Prekursor polskiej prawicy?
Ksiądz Jerzy Popiełuszko, żoliborski kościół Świętego Stanisława Kostki, powtarzające się tam miesiąc w miesiąc msze za ojczyznę, to ważna część mojego życia. Tę szybko utrwalającą się tradycję podsunęła mi pod koniec 1982 roku znajoma mojej mamy. Kupiłem ją.
O porwaniu księdza Jerzego dowiedziałem się w październiku 1984 roku podczas objazdu naukowego na Podkarpaciu: byłem wówczas studentem historii. Ale o jego zamordowaniu usłyszałem już po powrocie, jak tysiące innych stojących przed bramą tego niezwykłego kościoła. Byłem członkiem straży, która pilnowała porządku podczas pogrzebu, a później kilka razy w miesiącu czuwała nocą, żeby grobu księdza nie zbezczeszczono. My, studenci historii, mieliśmy własny oddział. Mam wrażenie, że przychodziłem tam jeszcze w roku 1987, może 1988.
Rozterki rodem z PRL
Co ciekawe, moje pierwsze wrażenia były mieszane.
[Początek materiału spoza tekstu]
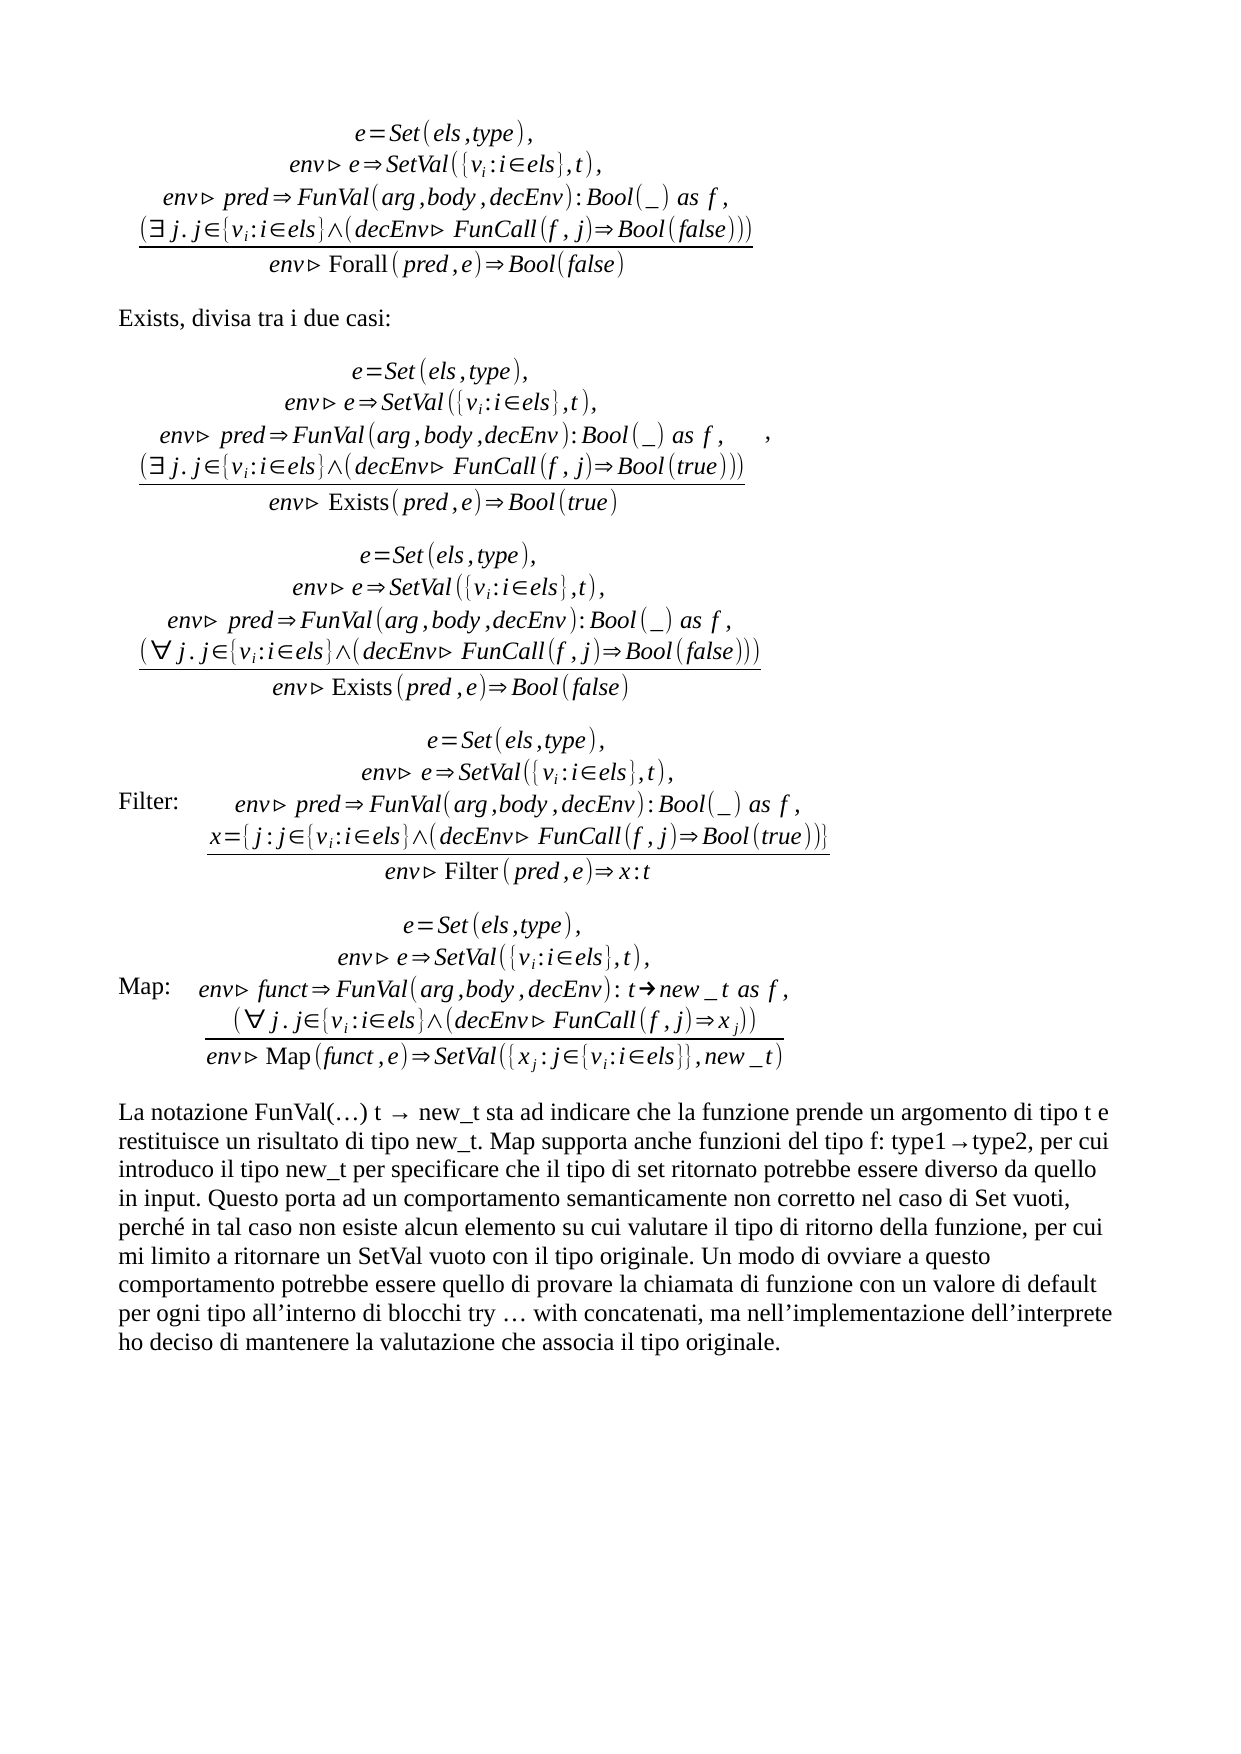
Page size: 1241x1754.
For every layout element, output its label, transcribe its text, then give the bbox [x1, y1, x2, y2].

text Filter: [118, 725, 1122, 886]
text La notazione FunVal(…) t → new_t sta ad indicare che la funzione prende un argomento di tipo t e restituisce un risultato di tipo new_t. Map supporta anche funzioni del tipo f: type1→type2, per cui introduco il tipo new_t per specificare che il tipo di set ritornato potrebbe essere diverso da quello in input. Questo porta ad un comportamento semanticamente non corretto nel caso di Set vuoti, perché in tal caso non esiste alcun elemento su cui valutare il tipo di ritorno della funzione, per cui mi limito a ritornare un SetVal vuoto con il tipo originale. Un modo di ovviare a questo comportamento potrebbe essere quello di provare la chiamata di funzione con un valore di default per ogni tipo all’interno di blocchi try … with concatenati, ma nell’implementazione dell’interprete ho deciso di mantenere la valutazione che associa il tipo originale. [118, 1097, 1122, 1356]
text Map: [118, 910, 1122, 1073]
text Exists, divisa tra i due casi: [118, 303, 1122, 332]
text , [118, 356, 1122, 517]
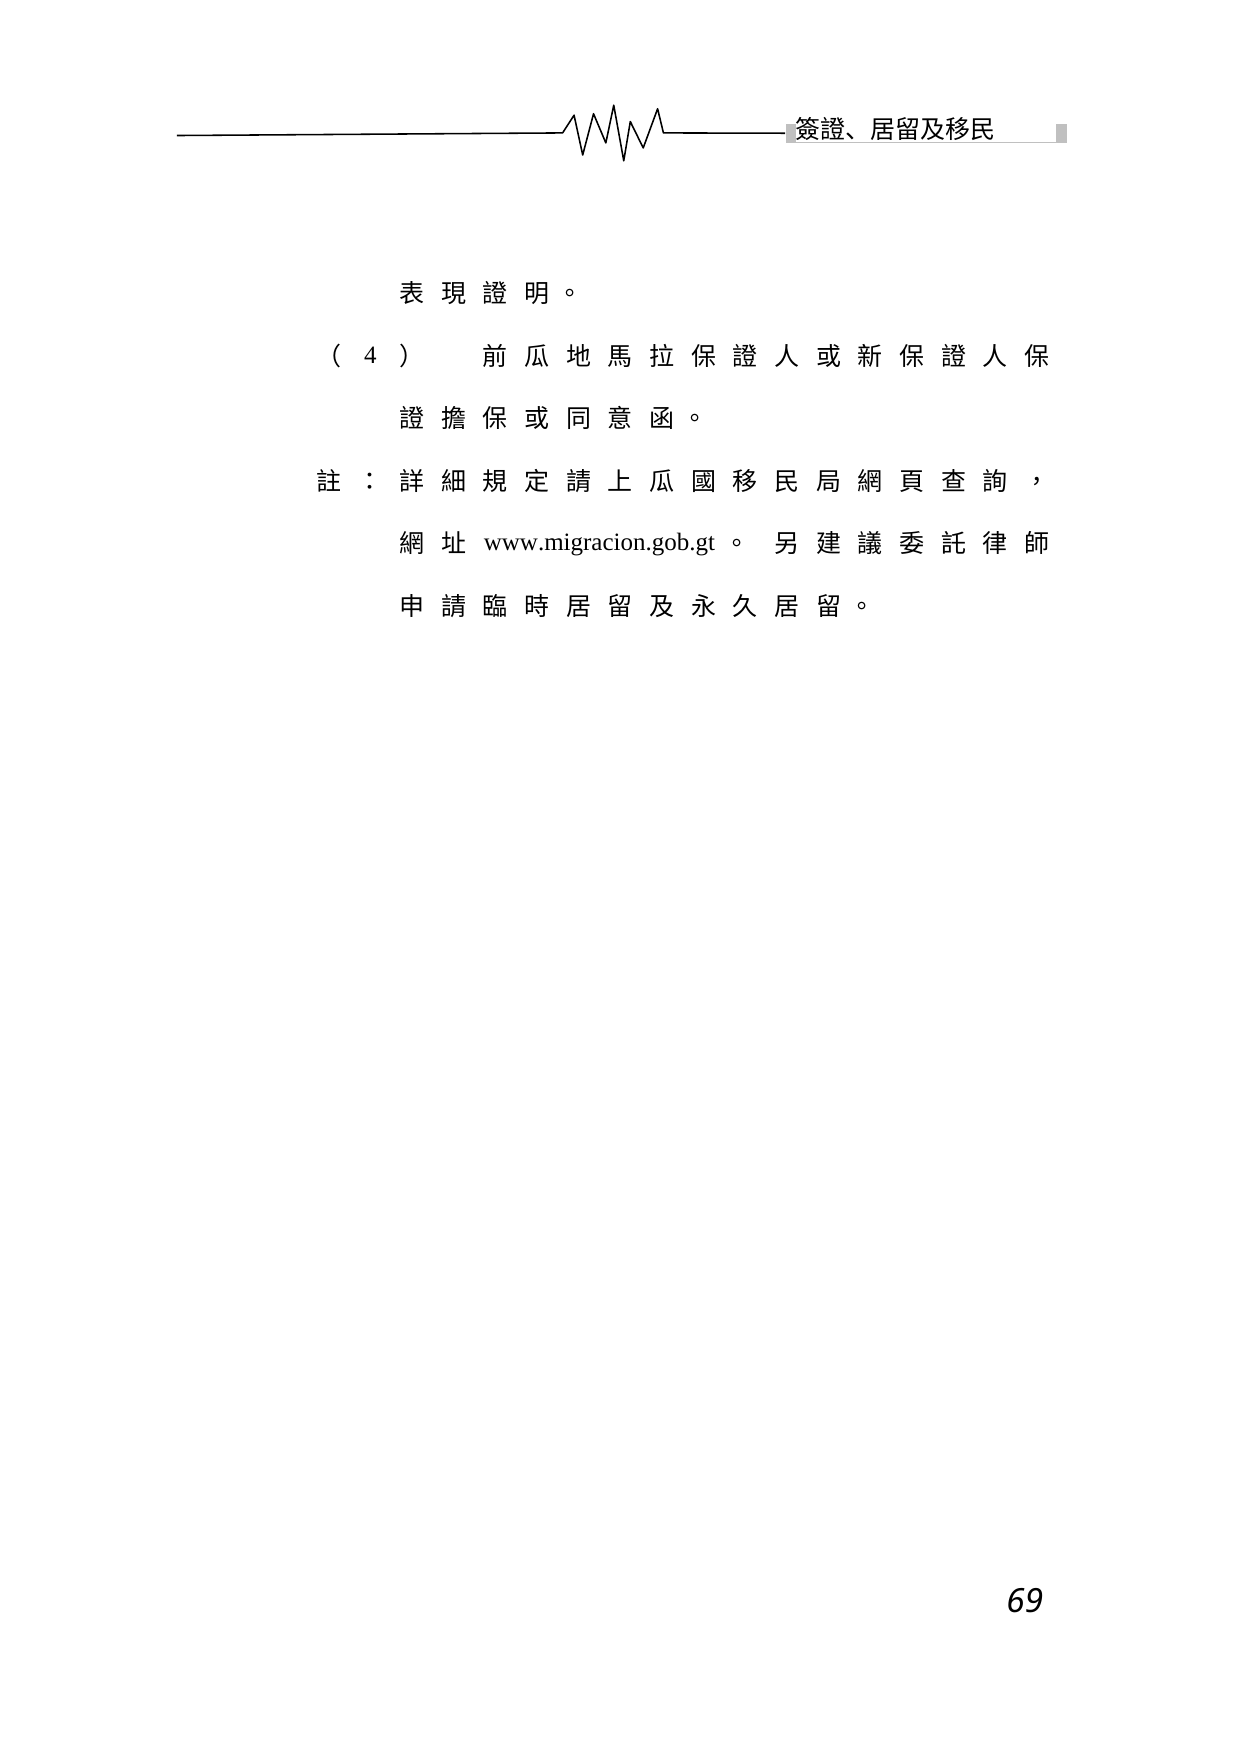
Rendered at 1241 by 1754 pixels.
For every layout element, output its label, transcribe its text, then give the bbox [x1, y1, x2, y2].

text 表現證明。 [342, 250, 1058, 313]
text 註：詳細規定請上瓜國移民局網頁查詢，網址www.migracion.gob.gt。另建議委託律師申請臨時居留及永久居留。 [305, 438, 1058, 625]
text （4） 前瓜地馬拉保證人或新保證人保證擔保或同意函。 [306, 313, 1058, 438]

Pociągała mnie atmosfera solidarnościowej wspólnoty, podziw budziła inwencja, z jaką ksiądz Jerzy i wspaniały, staroświecki proboszcz prałat Teofil Bogucki cyzelowali te msze, tworząc z nich barwne, naładowane emocjami spektakle. Byłem za to wdzięczny, niewielu duchownych mówiło tak otwarcie o policyjnych represjach i krytykowało tak odważnie ówczesną władzę.
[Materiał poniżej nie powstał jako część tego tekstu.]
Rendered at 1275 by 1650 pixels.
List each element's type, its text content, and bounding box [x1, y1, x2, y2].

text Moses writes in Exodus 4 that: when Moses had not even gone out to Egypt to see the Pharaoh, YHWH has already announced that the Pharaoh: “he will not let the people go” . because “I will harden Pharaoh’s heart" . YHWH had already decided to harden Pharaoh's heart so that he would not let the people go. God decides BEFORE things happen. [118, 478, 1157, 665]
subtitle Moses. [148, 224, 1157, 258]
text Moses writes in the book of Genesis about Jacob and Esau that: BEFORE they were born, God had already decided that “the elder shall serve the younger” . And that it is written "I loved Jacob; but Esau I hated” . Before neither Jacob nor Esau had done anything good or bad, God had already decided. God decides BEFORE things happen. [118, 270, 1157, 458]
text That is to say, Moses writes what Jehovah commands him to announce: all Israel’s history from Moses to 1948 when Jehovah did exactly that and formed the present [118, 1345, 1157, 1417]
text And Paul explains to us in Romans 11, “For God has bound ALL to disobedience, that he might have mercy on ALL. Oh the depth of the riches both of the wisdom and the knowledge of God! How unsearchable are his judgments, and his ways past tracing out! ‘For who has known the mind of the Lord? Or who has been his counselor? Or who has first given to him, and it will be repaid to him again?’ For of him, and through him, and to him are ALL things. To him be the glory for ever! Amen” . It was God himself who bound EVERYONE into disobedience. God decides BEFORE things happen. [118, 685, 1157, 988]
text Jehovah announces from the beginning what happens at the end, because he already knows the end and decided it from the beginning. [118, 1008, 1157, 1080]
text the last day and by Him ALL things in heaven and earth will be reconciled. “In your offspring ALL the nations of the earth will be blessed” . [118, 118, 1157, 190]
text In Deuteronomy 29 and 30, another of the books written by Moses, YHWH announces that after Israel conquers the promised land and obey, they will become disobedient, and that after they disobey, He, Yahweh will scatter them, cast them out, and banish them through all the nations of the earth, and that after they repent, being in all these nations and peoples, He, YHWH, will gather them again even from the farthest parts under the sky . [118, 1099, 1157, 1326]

A równocześnie podejrzewałem, że z punktu widzenia politycznego są to ceremonie jałowe, ba, odciągające solidarnościowy lud od innego rodzaju aktywności. Jawiły mi się trochę te widowiska z udziałem znanych aktorów jako narodowe bałamucenie, tak zjadliwie demaskowane w sztukach Wyspiańskiego.
Sprzyjały temu poczuciu detale – na przykład fakt, że ksiądz Jerzy bardzo energicznie...
Archiwum Rzeczpospolitej to wygodna wyszukiwarka archiwalnych tekstów opublikowanych na łamach dziennika od 1993 roku. Unikalne źródło wiedzy o Polsce i świecie, wzbogacone o perspektywę ekonomiczną i prawną.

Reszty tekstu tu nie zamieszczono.